GameStop stock (GME) - Get Free Report has experienced quite a bit of volatility in the past few weeks. The recent SEC report shed light on GME trading activity in January 2021 and the forces behind the stock having skyrocketed to a high of around $350 per share in Q1.
Wall Street Memes offers an overview of the SEC’s findings and discusses what may lie ahead for GME traders and “hodlers”.
What the SEC has said
The SEC report aimed at clarifying fundamental questions about the GME episode, in January. In the study, several questions about the structure and functioning of the markets were raised. Chair Gary Gensler summarized the SEC’s main objective:
"January's events gave us an opportunity to consider how we can further our efforts to make the equity markets as fair, orderly, and efficient as possible."
Contrary to what many GME investors and other meme stock traders originally thought, the SEC concluded that price moves were not fully explained by short covering. Also, the infamous hedge fund managers participated in the buying spree, precisely the opposite of what had been discussed on the main Reddit discussion boards.
According to the SEC, what caused GME stock price to swing wildly were a confluence of many factors, including: (1) frequent Reddit mentions, (2) significant coverage in the mainstream media, (3) large volume changes and, sure, (4) elevated short interest.
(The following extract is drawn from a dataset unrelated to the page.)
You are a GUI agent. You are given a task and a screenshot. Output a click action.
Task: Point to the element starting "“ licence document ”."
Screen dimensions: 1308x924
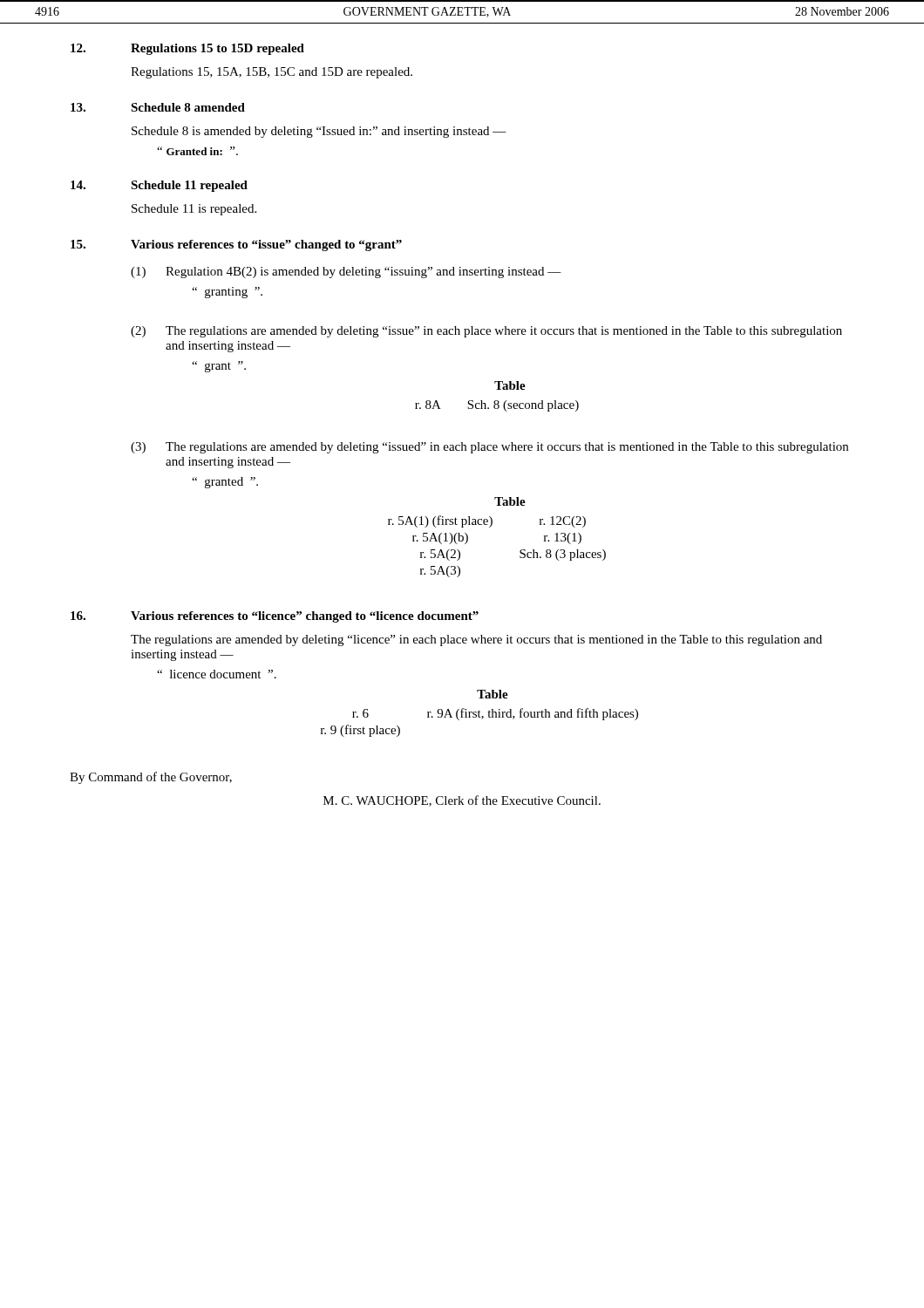217,674

However, the SEC mentioned that it is still identifying “areas of market structure and regulatory framework for potential study and additional consideration”. These include (1) forces that may cause a brokerage firm to restrict trading; (2) digital engagement practices and PFOF, i.e. payment for order flow; (3) dark pool trading; and (4) the market dynamics of short selling.
Popularity was key
As a recap of the SEC’s report, large volume changes leading to outsized price moves were the root cause behind the GME frenzy. The chart below shows that the number of individual accounts trading GME increased from 10,000 at the beginning of January to 900,000 at that month’s peak.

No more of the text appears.